Federalist 51 as of December 15, 2023
I'm teaching a midwinter course in Federal Government. I'm thinking aloud how to introduce my students to Federalist 51 and the famous idea that if we can make ambition counter ambition, a government can last a long time.
I have two purposes in this essay. First, I want to introduce you to the logic behind American Constitutionalism. The best way to do that is to get you to think about other ideas about politics and forms of government. “If the logic behind the Constitution was so obvious, why wasn’t it tried for thousands of years?” is a serious question. Second, I want you to think about how we live now and consider carefully how the combination of checks and balances and separation of powers works. Putting you in dialogue with James Madison is a worthwhile goal.
The Federalist Papers by Hamilton (yes, that Hamilton), Madison, and Jay were written to convince New York State to ratify the Constitution. They are op-eds for newspapers. They serve as important points of entry to the various ideas underlying American Constitutionalism. Hamilton very much wants a strong executive; Madison sees private property and freedom as inextricably linked. As you can see, they’re also part of American mythologizing, just as much as Lincoln living in a log cabin or George Washington chopping down a cherry tree. Their existence creates an aura: “our fundamental laws were deliberated publicly, with citizens reading, weighing what was said, and voting.”
The mythologizing can sometimes get in the way of us asking “How do things actually work?” When Madison opens Federalist 51, he has a sharp thesis about how he thinks things should work:
TO WHAT expedient, then, shall we finally resort, for maintaining in practice the necessary partition of power among the several departments, as laid down in the Constitution? The only answer that can be given is, that as all these exterior provisions are found to be inadequate, the defect must be supplied, by so contriving the interior structure of the government as that its several constituent parts may, by their mutual relations, be the means of keeping each other in their proper places.
Madison is concerned with a problem that is narrow in one way but has enormous consequences if it is not addressed. How do you prevent one branch of government—the President, the Congress, the Supreme Court—from dominating all the others? How to maintain, in other words, “in practice the necessary partition of power among the several departments?” His answer is that the federal government has to be structured so that each part is “the means of keeping each other in their proper places.”
We’re so used to hearing that you can create a government which is set up to check itself that we do not think twice about it. People from other ages would have questions. They would not necessarily be fans of their king or council of oligarchs or theocrats. But they might ask what exactly U.S. government stood for. If a government is busy fighting itself, how is it supposed to serve the people or advance its values?
That may seem like a laughable question given that the United States has an old constitution and has lasted a good long while. However, it is a question we’re confronting today. Consider the filibuster, which one party in the Senate has used to get the judges it wants and stop the President’s agenda even when the President has plenty of support from the House and the rest of the Senate. Is it good for one part of Congress to completely dominate the other part, stop the President from accomplishing anything they want, and get judges they like? Maybe it is—there is an argument to be made that things could be worse. I do think it’s worth considering that if the government is at war with itself, that doesn’t mean we the people are free. It could mean the faction that’s winning exercises power in radical ways, as if it has the right to do anything to win.
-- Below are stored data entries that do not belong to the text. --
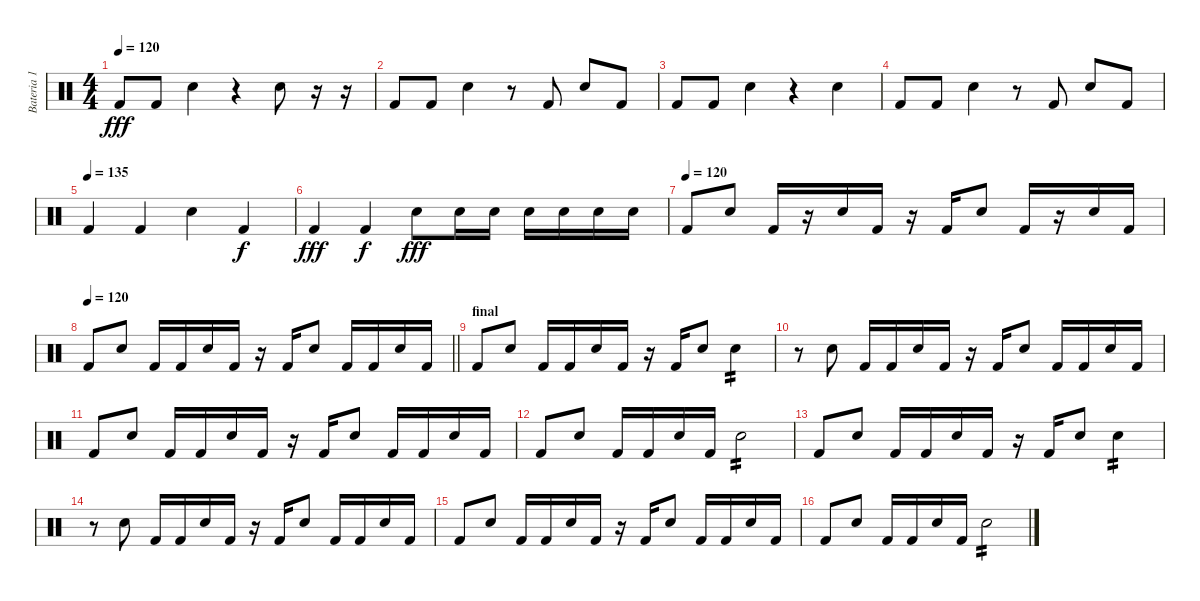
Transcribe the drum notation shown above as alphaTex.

\track ("Bateria 1" "Bateria 1") {instrument percussion}
\staff {score}
\articulation defaults
\ts (4 4)
\tempo 120
\clef neutral
\ks c "Kick (hit) 2".8{dy fff} "Kick (hit) 2".8 "Electric Snare (hit)".4
r.4 "Electric Snare (hit)".8 r.16 r.16 |
"Kick (hit) 2".8 "Kick (hit) 2".8 "Electric Snare (hit)".4 r.8 "Kick (hit) 2".8 "Electric Snare (hit)".8 "Kick (hit) 2".8 |
"Kick (hit) 2".8 "Kick (hit) 2".8 "Electric Snare (hit)".4 r.4 "Electric Snare (hit)".4 |
"Kick (hit) 2".8 "Kick (hit) 2".8 "Electric Snare (hit)".4 r.8 "Kick (hit) 2".8 "Electric Snare (hit)".8 "Kick (hit) 2".8 |
\tempo (135)
"Kick (hit) 2".4 "Kick (hit) 2".4 "Electric Snare (hit)".4 "Kick (hit) 2".4{dy f} |
"Kick (hit) 2".4{dy fff} "Kick (hit) 2".4{dy f} "Electric Snare (hit)".8{dy fff} "Electric Snare (hit)".16 "Electric Snare (hit)".16 "Electric Snare (hit)".16 "Electric Snare (hit)".16 "Electric Snare (hit)".16 "Electric Snare (hit)".16 |
\tempo (120)
"Kick (hit) 2".8 "Electric Snare (hit)".8 "Kick (hit) 2".16 r.16 "Electric Snare (hit)".16 "Kick (hit) 2".16 r.16 "Kick (hit) 2".16 "Electric Snare (hit)".8 "Kick (hit) 2".16 r.16 "Electric Snare (hit)".16 "Kick (hit) 2".16 |
\tempo 120
\barLineRight lightlight "Kick (hit) 2".8 "Electric Snare (hit)".8 "Kick (hit) 2".16 "Kick (hit) 2".16 "Electric Snare (hit)".16 "Kick (hit) 2".16
r.16 "Kick (hit) 2".16 "Electric Snare (hit)".8 "Kick (hit) 2".16 "Kick (hit) 2".16 "Electric Snare (hit)".16 "Kick (hit) 2".16 |
\section ("" "final")
"Kick (hit) 2".8 "Electric Snare (hit)".8 "Kick (hit) 2".16 "Kick (hit) 2".16 "Electric Snare (hit)".16 "Kick (hit) 2".16 r.16 "Kick (hit) 2".16 "Electric Snare (hit)".8 "Electric Snare (hit)".4{tp 2} |
r.8 "Electric Snare (hit)".8 "Kick (hit) 2".16 "Kick (hit) 2".16 "Electric Snare (hit)".16 "Kick (hit) 2".16 r.16 "Kick (hit) 2".16 "Electric Snare (hit)".8 "Kick (hit) 2".16 "Kick (hit) 2".16 "Electric Snare (hit)".16 "Kick (hit) 2".16 |
"Kick (hit) 2".8 "Electric Snare (hit)".8 "Kick (hit) 2".16 "Kick (hit) 2".16 "Electric Snare (hit)".16 "Kick (hit) 2".16 r.16 "Kick (hit) 2".16 "Electric Snare (hit)".8 "Kick (hit) 2".16 "Kick (hit) 2".16 "Electric Snare (hit)".16 "Kick (hit) 2".16 |
"Kick (hit) 2".8 "Electric Snare (hit)".8 "Kick (hit) 2".16 "Kick (hit) 2".16 "Electric Snare (hit)".16 "Kick (hit) 2".16 "Electric Snare (hit)".2{tp 2} |
"Kick (hit) 2".8 "Electric Snare (hit)".8 "Kick (hit) 2".16 "Kick (hit) 2".16 "Electric Snare (hit)".16 "Kick (hit) 2".16 r.16 "Kick (hit) 2".16 "Electric Snare (hit)".8 "Electric Snare (hit)".4{tp 2} |
r.8 "Electric Snare (hit)".8 "Kick (hit) 2".16 "Kick (hit) 2".16 "Electric Snare (hit)".16 "Kick (hit) 2".16 r.16 "Kick (hit) 2".16 "Electric Snare (hit)".8 "Kick (hit) 2".16 "Kick (hit) 2".16 "Electric Snare (hit)".16 "Kick (hit) 2".16 |
"Kick (hit) 2".8 "Electric Snare (hit)".8 "Kick (hit) 2".16 "Kick (hit) 2".16 "Electric Snare (hit)".16 "Kick (hit) 2".16 r.16 "Kick (hit) 2".16 "Electric Snare (hit)".8 "Kick (hit) 2".16 "Kick (hit) 2".16 "Electric Snare (hit)".16 "Kick (hit) 2".16 |
"Kick (hit) 2".8 "Electric Snare (hit)".8 "Kick (hit) 2".16 "Kick (hit) 2".16 "Electric Snare (hit)".16 "Kick (hit) 2".16 "Electric Snare (hit)".2{tp 2}

With a little bit of skepticism, then, we should approach the most famous lines of Federalist 51. “Ambition must be made to counteract ambition,” Madison intones, and his thinking is that if “constitutional means” and “personal motives” line up, each part of government will not be swallowed by the other:
But the great security against a gradual concentration of the several powers in the same department, consists in giving to those who administer each department the necessary constitutional means and personal motives to resist encroachments of the others. The provision for defense must in this, as in all other cases, be made commensurate to the danger of attack. Ambition must be made to counteract ambition.
As all of you are aware, “personal motives” is the issue we’re confronting today. What if Supreme Court justices appointed by any President answer only to billionaires? And what if Congress has no real incentive to fight their self-proclaimed authority over interpretation of the Constitution? What if people go to Congress not to fight for their constituents, or even to fight against the President or the Supreme Court, but to become highly paid lobbyists or cable news anchors?
It does seem that American government depends on a love of country that isn’t cynical or hateful. It may depend on a love of country free from ambition--one not looking for enemies everywhere--dedicated to serve even the people we don’t like. We note that the Constitution almost didn’t make it 100 years. The Civil War nearly ended the United States. The South, in advancing slavery, had plenty of ambition that had to be counteracted. The Presidency, Congress, and the Supreme Court did fight each other, but the result of that fight was that Americans started fighting each other well before civil war broke out. Older ideas about government emphasized bringing virtuous people into prominence and educating people in leadership, sometimes through experience. No one had any illusions that the best ruler would be a saint. They just wanted to be clear that at some point, someone dedicated to the country itself would have some power.